Handling cluster state when network partitions occur
brian.stansberry Aug 29, 2007 3:13 PMForum thread to capture some thoughts from a phone discussion today and to continue the conversation. Topic is how stateful clustered applications should deal with network partitions. See necessary background reading at http://www.jgroups.org/javagroupsnew/docs/manual/html/user-advanced.html#d0e2915 for an overview of the problem.
For discussion brevity, I'll refer to 3 of the ideas mentioned in the JGroups doc by shorted:
1) "Merge state". Discussed in 5.6.1 -- JGroups user manages a process to merge the state from the merging partitions.
2) "Primary partition". Discussed in 5.6.2. Nodes that realize upon merge that they weren't in the primary partition flush their state, ensuring that state must be reacquired from a shared persistent store.
3) "Read-only". Nodes realize at the time the partition occurs that they are not in the primary partition, and shift into read-only mode, throwing exceptions if an attempt is made to write. When the partition heals, they get the current state from the primary partition.
Some things mentioned in the discussion today:
* Using timestamps for "merge state" is problematic due to clock synchronization and clock granularity issues.
* "Merge state" is tricky for PojoCache, because the stored pojo doesn't have a natural timestamp or counter that can be used to determine which state to retain. JBC/PojoCache can compare state between nodes, but if there is a conflict there probably needs to be a callback to the application to allow it to decide what to do.
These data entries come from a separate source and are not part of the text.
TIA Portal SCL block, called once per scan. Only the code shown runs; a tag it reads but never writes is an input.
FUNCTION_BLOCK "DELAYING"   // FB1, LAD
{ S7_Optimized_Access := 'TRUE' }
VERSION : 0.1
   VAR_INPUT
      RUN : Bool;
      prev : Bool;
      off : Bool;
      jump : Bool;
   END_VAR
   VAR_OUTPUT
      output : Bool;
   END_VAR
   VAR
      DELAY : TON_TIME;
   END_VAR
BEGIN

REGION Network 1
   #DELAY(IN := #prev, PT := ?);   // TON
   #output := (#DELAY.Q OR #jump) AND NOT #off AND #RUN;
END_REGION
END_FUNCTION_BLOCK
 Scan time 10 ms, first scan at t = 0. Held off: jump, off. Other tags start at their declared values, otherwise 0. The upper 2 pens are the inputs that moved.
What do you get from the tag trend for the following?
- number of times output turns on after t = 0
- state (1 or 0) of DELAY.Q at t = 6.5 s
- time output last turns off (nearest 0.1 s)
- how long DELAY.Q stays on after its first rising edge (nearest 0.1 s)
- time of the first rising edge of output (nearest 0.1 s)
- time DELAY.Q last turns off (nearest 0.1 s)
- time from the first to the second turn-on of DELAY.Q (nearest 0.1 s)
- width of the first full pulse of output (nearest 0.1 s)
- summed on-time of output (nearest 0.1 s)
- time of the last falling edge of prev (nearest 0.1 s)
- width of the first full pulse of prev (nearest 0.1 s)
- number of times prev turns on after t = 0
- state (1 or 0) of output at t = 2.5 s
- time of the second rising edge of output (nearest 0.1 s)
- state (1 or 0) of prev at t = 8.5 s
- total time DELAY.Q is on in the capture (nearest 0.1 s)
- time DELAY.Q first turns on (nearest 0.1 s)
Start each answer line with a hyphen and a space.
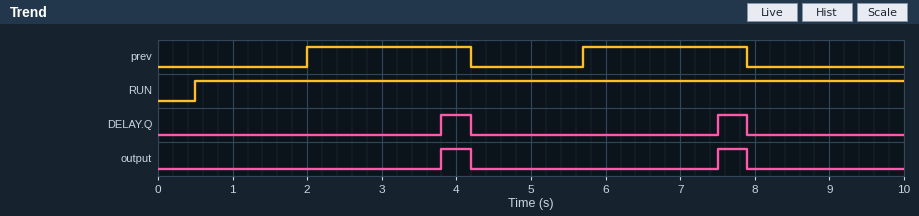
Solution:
- 2
- 0
- 7.9 s
- 0.4 s
- 3.8 s
- 7.9 s
- 3.7 s
- 0.4 s
- 0.8 s
- 7.9 s
- 2.2 s
- 2
- 0
- 7.5 s
- 0
- 0.8 s
- 3.8 s
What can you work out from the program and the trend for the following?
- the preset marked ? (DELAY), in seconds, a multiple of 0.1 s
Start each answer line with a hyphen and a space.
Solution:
- 1.8 s
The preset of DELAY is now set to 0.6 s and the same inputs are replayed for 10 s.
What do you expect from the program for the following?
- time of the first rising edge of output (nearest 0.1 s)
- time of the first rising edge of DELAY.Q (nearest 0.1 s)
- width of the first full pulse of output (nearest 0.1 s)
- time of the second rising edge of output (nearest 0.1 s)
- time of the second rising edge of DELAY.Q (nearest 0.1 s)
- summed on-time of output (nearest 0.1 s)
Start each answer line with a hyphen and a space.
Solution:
- 2.6 s
- 2.6 s
- 1.6 s
- 6.3 s
- 6.3 s
- 3.2 s
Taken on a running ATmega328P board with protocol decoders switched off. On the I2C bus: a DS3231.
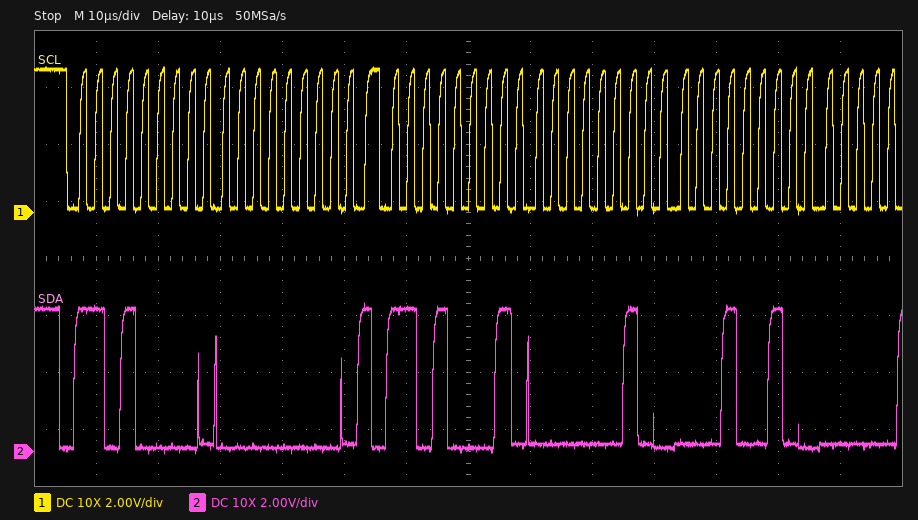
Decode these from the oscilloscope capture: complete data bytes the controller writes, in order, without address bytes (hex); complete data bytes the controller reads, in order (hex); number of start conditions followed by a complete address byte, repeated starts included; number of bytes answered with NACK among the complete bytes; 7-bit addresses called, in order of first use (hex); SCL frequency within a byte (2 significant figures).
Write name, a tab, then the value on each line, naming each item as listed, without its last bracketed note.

complete data bytes the controller writes, in order, without address bytes	00
complete data bytes the controller reads, in order	02 12
number of start conditions followed by a complete address byte, repeated starts included	2
number of bytes answered with NACK among the complete bytes	0
7-bit addresses called, in order of first use	0x68
SCL frequency within a byte	400 kHz
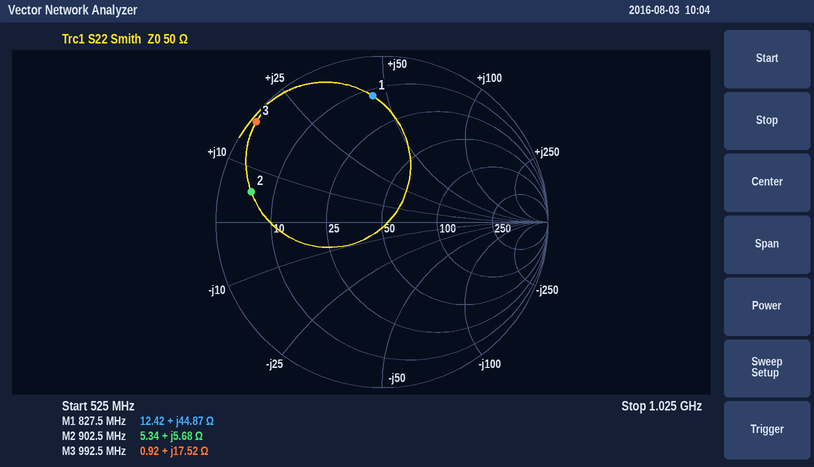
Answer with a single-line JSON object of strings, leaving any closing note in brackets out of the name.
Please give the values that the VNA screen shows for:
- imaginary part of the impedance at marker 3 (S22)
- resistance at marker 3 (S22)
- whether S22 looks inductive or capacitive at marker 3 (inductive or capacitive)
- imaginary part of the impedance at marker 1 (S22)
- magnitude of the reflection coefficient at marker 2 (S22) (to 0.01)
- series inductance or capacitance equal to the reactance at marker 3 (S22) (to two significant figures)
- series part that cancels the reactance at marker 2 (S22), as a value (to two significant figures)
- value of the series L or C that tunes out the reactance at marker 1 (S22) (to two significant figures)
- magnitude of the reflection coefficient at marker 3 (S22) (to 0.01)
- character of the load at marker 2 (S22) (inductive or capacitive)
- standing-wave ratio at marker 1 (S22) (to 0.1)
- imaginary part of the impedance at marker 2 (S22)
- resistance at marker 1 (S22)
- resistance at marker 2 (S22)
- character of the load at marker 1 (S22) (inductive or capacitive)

{"imaginary part of the impedance at marker 3": "+17.52 Ω", "resistance at marker 3": "0.92 Ω", "whether S22 looks inductive or capacitive at marker 3": "inductive", "imaginary part of the impedance at marker 1": "+44.87 Ω", "magnitude of the reflection coefficient at marker 2 (S22)": "0.81", "series inductance or capacitance equal to the reactance at marker 3 (S22)": "2.8 nH", "series part that cancels the reactance at marker 2 (S22), as a value": "31 pF", "value of the series L or C that tunes out the reactance at marker 1 (S22)": "4.3 pF", "magnitude of the reflection coefficient at marker 3 (S22)": "0.97", "character of the load at marker 2 (S22)": "inductive", "standing-wave ratio at marker 1 (S22)": "7.4", "imaginary part of the impedance at marker 2": "+5.68 Ω", "resistance at marker 1": "12.42 Ω", "resistance at marker 2": "5.34 Ω", "character of the load at marker 1 (S22)": "inductive"}
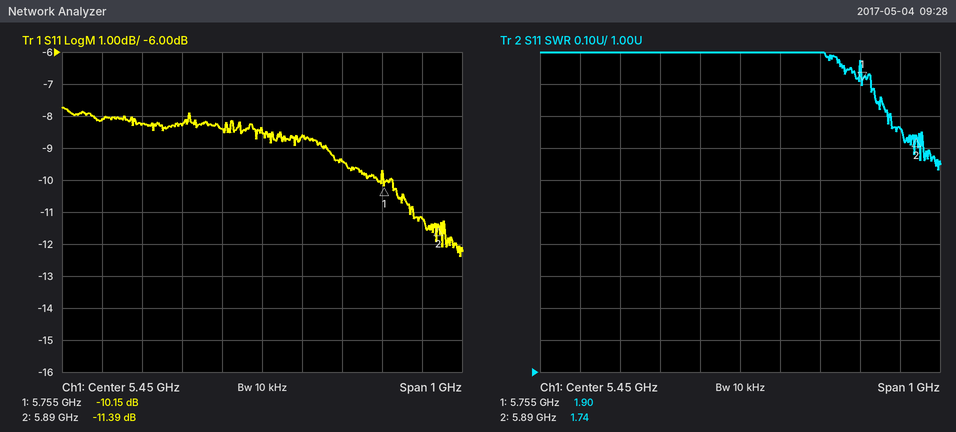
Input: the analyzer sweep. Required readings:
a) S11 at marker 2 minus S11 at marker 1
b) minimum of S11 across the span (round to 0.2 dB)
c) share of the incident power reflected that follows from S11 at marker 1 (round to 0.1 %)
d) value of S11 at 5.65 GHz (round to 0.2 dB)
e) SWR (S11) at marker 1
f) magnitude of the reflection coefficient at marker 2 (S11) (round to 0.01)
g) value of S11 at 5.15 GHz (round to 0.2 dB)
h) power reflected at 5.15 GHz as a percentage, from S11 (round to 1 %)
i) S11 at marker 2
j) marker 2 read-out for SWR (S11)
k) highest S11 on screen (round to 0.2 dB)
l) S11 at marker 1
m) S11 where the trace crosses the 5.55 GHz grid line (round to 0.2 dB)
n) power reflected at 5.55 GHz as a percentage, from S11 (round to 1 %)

-1.24 dB
-12.4 dB
9.7 %
-9.4 dB
1.90
0.27
-8.2 dB
15 %
-11.39 dB
1.74
-7.8 dB
-10.15 dB
-8.6 dB
14 %
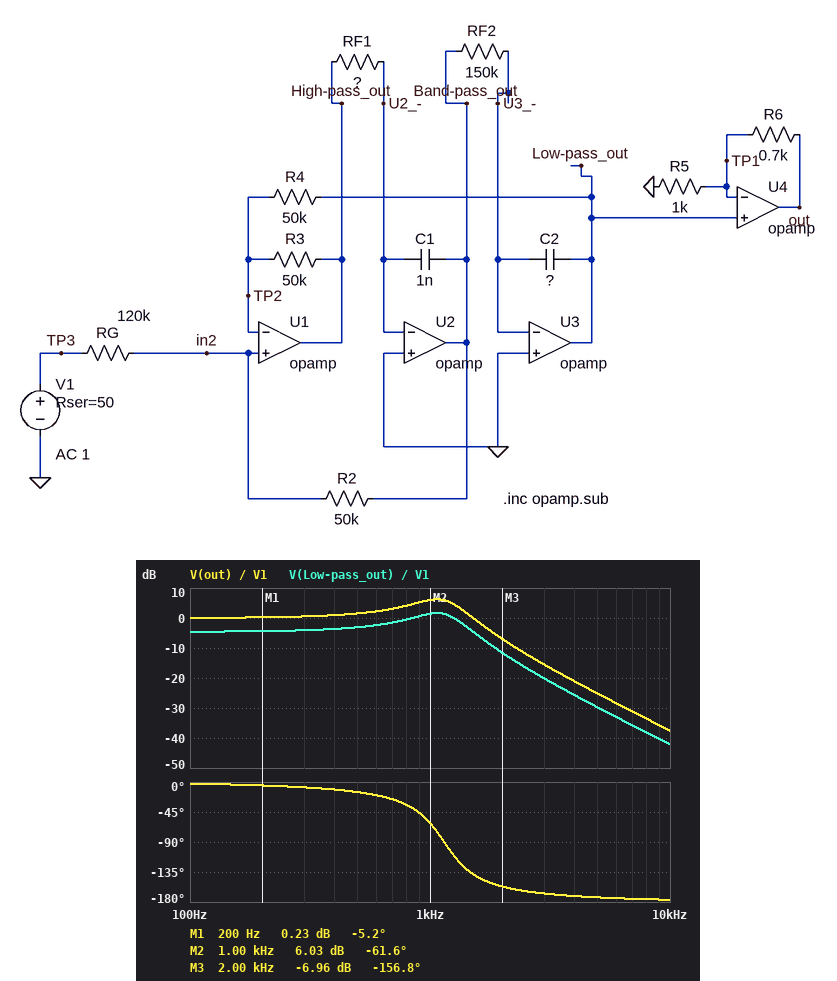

* "Merge state" is more useful to http sessions that don't use FIELD granularity (i.e. don't use PojoCache). Web sessions are supposed to be managed by only one node, so the difficulty of deciding which node's state is correct is reduced. The stored sessions have a timestamp and counter stored in the root node for the sessions subtree. If JBC provided a callback to the JBossCacheManager, the JBCM could easily determine which server's data to retain for each session. Bela pointed out that this reconciliation process could also be done "off-line" via a special service that multiplexes on the cache's channel -- i.e. JBC doesn't have to be directly involved.
* "Read-only" is a possible option for some webapps that don't mind throwing exceptions. E.g. a blog site wants people to be able to continue reading the blog, and doesn't mind if update functions are disrupted during the network partition.
* Entity caching is a tough problem. At first, something like the "primary partition" approach seems good; just dump cached state when the merge occurs and force Hibernate to repopulate the cache from the db. Problem is that during the partition itself the caches can become invalid. Two sub-partitions of {A, B, C} and {D, E} will not know about each others' updates, and thus Hibernate can read stale data from the cache. Variations on the "read-only" approach where {D, E} no longer provides cached data don't solve the problem, as Hibernate on D or E can still update the database, in which case the {A, B, C} caches are invalid.
For this kind of situation, having the application become unavailable on {D, E} is something we need to consider.
This is just a quick summary; I'm sure I missed stuf.